Copy all the lines of the data that include the word "scene".
---------------
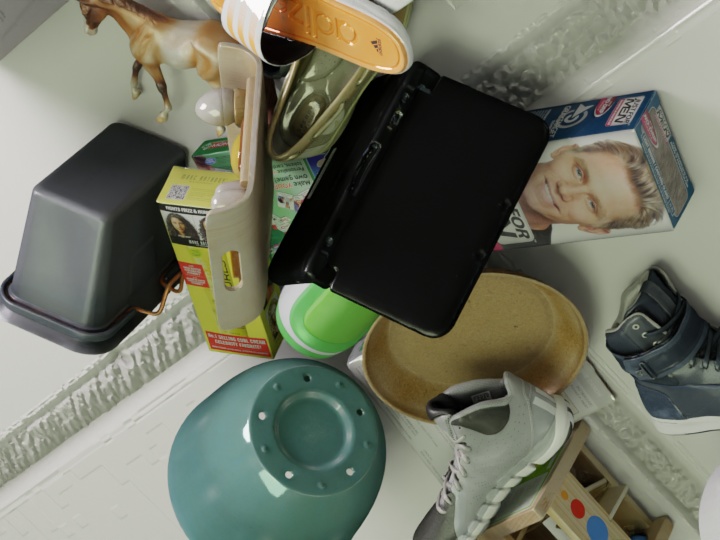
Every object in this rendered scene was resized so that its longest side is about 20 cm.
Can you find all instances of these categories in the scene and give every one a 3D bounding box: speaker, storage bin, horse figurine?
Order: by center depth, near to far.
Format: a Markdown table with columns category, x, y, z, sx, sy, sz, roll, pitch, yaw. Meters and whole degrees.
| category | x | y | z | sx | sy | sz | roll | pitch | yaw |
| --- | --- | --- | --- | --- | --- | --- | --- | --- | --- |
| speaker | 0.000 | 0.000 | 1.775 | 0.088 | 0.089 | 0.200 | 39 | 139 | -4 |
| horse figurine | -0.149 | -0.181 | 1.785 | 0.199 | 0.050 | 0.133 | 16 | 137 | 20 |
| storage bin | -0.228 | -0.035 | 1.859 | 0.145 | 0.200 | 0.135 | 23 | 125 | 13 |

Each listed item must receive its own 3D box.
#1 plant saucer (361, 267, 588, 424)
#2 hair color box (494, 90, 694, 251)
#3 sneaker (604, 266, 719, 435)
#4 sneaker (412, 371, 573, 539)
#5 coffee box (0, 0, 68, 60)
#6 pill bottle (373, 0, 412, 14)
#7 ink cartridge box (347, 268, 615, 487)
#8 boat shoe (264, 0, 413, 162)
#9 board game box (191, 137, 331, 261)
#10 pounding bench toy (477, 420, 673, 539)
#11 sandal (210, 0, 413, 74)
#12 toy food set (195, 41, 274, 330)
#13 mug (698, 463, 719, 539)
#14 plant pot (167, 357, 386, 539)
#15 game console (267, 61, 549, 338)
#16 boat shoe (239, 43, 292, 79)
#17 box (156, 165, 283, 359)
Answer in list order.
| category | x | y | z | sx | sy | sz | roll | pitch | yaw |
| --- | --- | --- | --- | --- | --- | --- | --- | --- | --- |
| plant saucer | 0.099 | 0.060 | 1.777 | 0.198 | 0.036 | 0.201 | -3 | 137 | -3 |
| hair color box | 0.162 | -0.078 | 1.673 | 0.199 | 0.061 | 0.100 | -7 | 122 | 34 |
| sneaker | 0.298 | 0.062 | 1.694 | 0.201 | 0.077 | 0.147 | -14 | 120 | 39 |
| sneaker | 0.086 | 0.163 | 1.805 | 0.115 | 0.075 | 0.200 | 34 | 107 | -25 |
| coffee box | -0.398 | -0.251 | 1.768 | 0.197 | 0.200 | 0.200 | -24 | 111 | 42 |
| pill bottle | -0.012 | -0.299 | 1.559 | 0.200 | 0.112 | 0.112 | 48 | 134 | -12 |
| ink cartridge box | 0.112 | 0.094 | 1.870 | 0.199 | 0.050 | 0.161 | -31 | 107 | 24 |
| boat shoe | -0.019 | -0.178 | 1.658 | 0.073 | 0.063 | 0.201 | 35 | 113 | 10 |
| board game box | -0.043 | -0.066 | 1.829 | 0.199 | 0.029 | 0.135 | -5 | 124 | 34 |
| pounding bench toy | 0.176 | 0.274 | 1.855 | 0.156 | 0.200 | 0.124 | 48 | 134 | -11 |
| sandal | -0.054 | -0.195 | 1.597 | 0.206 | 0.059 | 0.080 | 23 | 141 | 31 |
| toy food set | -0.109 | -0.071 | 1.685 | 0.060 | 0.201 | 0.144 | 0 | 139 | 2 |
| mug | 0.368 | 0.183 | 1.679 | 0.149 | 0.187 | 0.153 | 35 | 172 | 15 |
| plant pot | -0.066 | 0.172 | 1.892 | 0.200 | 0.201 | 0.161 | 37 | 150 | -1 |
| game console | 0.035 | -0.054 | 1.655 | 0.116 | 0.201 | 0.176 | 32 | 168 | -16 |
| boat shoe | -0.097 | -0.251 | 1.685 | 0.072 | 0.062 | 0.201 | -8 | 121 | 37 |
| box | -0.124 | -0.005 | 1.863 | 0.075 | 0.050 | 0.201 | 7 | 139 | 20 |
---------------
Exercise result
Every object in this rendered scene was resized so that its longest side is about 20 cm.
Can you find all instances of these categories in the scene and give every one a 3D bounding box: speaker, storage bin, horse figurine?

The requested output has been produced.